Experimental artists and local cognoscenti, who were dependent on the club for intellectual stimulation, were outraged not only because Lhasa had closed, but so had other experimental venues.

But the spirit of Lhasa lives on, albeit in a less rough-hewn incarnation. In May, Boccara and Mariani made a comeback of sorts when they opened their new digs, called Cafe Largo, smack-dab in the Fairfax district, across the street from Cantor’s. Sure, this cushy cabaret is a far cry from the marginality of Lhasa. Yet many of the barbarian bands, lounge lizards, stand-up story tellers and political monologists who were nursed at Lhasa now give birth to acts that a more upscale clientele can savor.

Provocative collage art covers the walls of the restaurant. And toward the front is a small stage over which hang lights and enough microphone cable to project the likes of Sandra Bernhard’s grainy ballads, Philip Littell’s satirical song-cycles and Ludar’s sensual Chilean stylizations--all to the part-terminally-trendy and part-starving-artist contingent that shows up nightly for sweet profiteroles and satirical pizazz.

There’s a temptation to criticize Largo when comparing it to Lhasa. With average dinners around $20, no place to flirt secretly, and a stage hardly bigger than a soap box, some artists have worried that the European impresarios have, “gone ‘90s.” Unlike Lhasa, Largo serves beer and wine; a hard liquor license seems in the cards, Mariani explains.

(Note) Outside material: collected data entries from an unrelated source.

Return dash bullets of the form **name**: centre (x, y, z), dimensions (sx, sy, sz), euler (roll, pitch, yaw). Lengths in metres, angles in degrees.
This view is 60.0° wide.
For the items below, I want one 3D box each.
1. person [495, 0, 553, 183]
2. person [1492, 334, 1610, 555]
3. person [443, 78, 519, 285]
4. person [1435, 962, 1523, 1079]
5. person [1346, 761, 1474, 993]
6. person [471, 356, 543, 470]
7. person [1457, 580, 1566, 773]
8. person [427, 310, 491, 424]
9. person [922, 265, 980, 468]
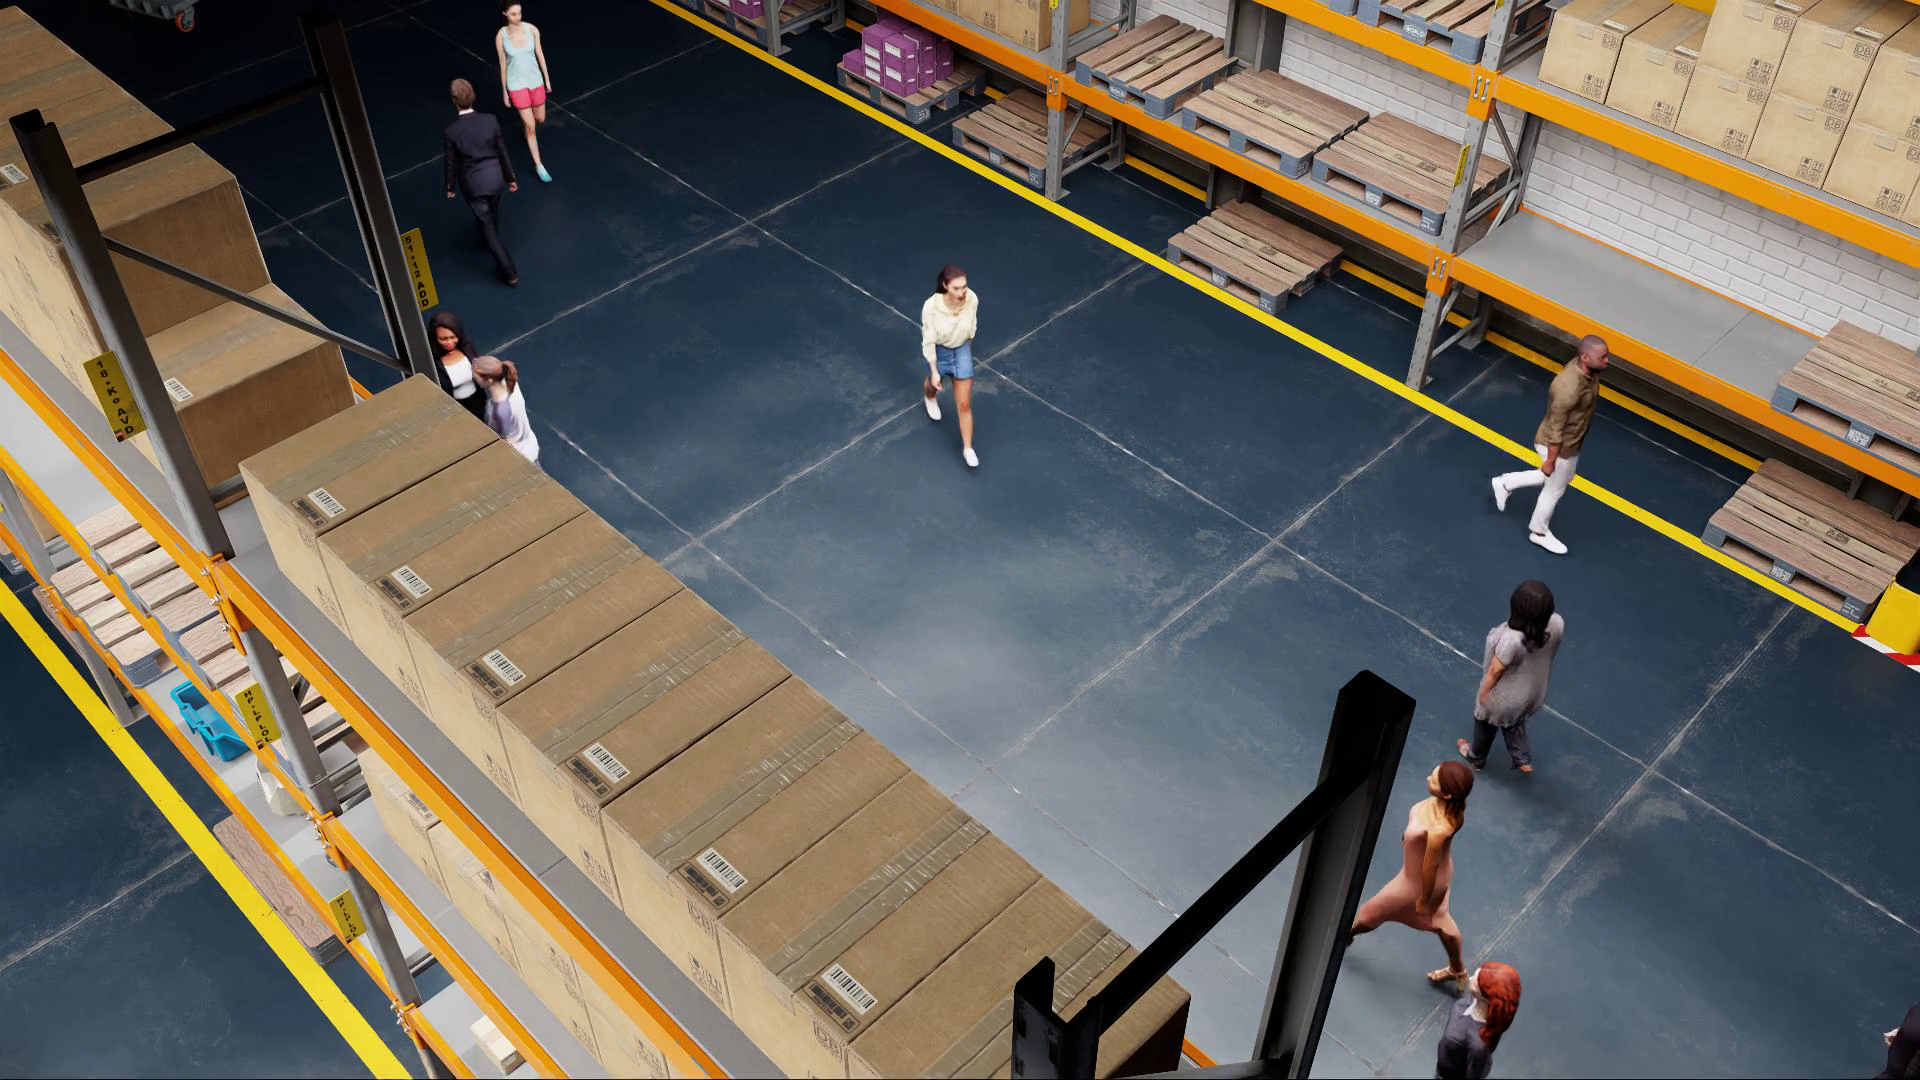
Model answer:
- **person**: centre (-4.041, -4.225, 15.378), dimensions (0.806, 1.739, 1.102), euler (-19, 47, -19)
- **person**: centre (4.138, -0.704, 11.636), dimensions (0.948, 1.803, 0.778), euler (29, 51, 27)
- **person**: centre (-4.022, -2.991, 14.059), dimensions (0.841, 1.771, 1.188), euler (-27, 50, -25)
- **person**: centre (2.459, 2.605, 8.179), dimensions (0.633, 1.780, 0.655), euler (15, 46, 15)
- **person**: centre (2.587, 1.852, 8.967), dimensions (1.199, 1.782, 0.862), euler (19, 47, 19)
- **person**: centre (-2.973, -0.585, 11.556), dimensions (0.963, 1.742, 0.918), euler (0, 44, 0)
- **person**: centre (3.402, 0.904, 10.095), dimensions (0.777, 1.600, 0.853), euler (-17, 46, -17)
- **person**: centre (-3.652, -0.993, 12.078), dimensions (0.661, 1.612, 0.677), euler (28, 50, 26)
- **person**: centre (-0.124, -1.419, 12.548), dimensions (0.996, 1.580, 1.247), euler (-12, 45, -13)
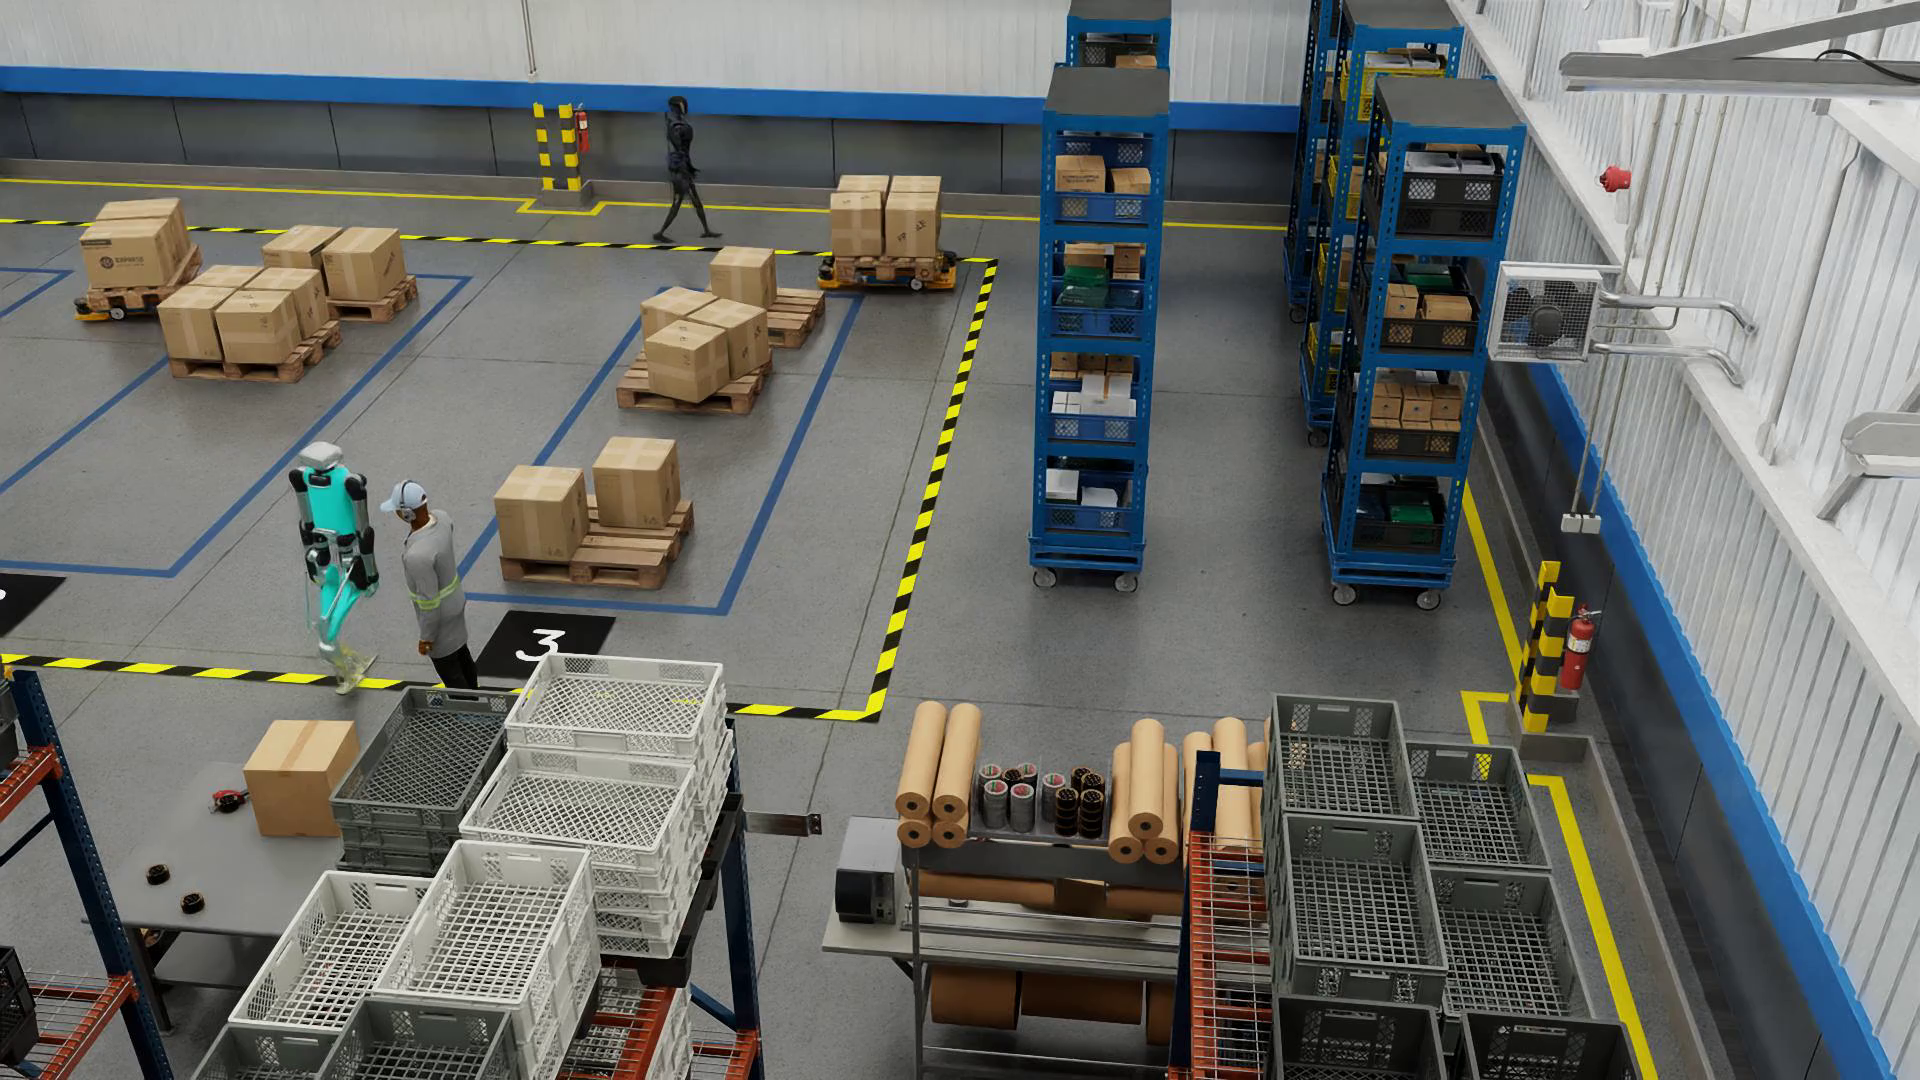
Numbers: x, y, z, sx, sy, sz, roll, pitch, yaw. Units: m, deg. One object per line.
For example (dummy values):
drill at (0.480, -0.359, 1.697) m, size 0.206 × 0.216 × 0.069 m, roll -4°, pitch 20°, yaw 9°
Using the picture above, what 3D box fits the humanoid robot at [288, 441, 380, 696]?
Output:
humanoid robot at (-4.084, 0.287, 10.739) m, size 0.541 × 1.789 × 0.836 m, roll 9°, pitch 31°, yaw 15°

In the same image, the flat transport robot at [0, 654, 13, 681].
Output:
flat transport robot at (-7.142, 0.969, 11.010) m, size 1.431 × 0.231 × 0.659 m, roll 3°, pitch 30°, yaw 6°

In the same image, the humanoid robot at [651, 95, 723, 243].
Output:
humanoid robot at (-3.069, -4.079, 18.325) m, size 0.781 × 1.629 × 0.600 m, roll -2°, pitch 30°, yaw -4°

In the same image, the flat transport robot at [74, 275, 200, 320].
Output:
flat transport robot at (-8.170, -2.491, 16.924) m, size 1.431 × 0.197 × 0.652 m, roll -5°, pitch 31°, yaw -9°

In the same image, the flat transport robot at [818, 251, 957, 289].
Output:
flat transport robot at (-0.760, -2.872, 17.579) m, size 1.431 × 0.197 × 0.652 m, roll 1°, pitch 30°, yaw 2°

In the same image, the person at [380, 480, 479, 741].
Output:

“We are aware of the problems,” says Boccara. “The idea of an upstart working out some material like they did at Lhasa, we can’t have. It’s a shame. The audiences who come here are a bit more upscale, demanding--some had never even set foot in Lhasa--and we need to have acts we can count on.”

“I miss the way performance artists would try things out, though!” cries Mariani, with Boccara darting her nervous “shut up” glances.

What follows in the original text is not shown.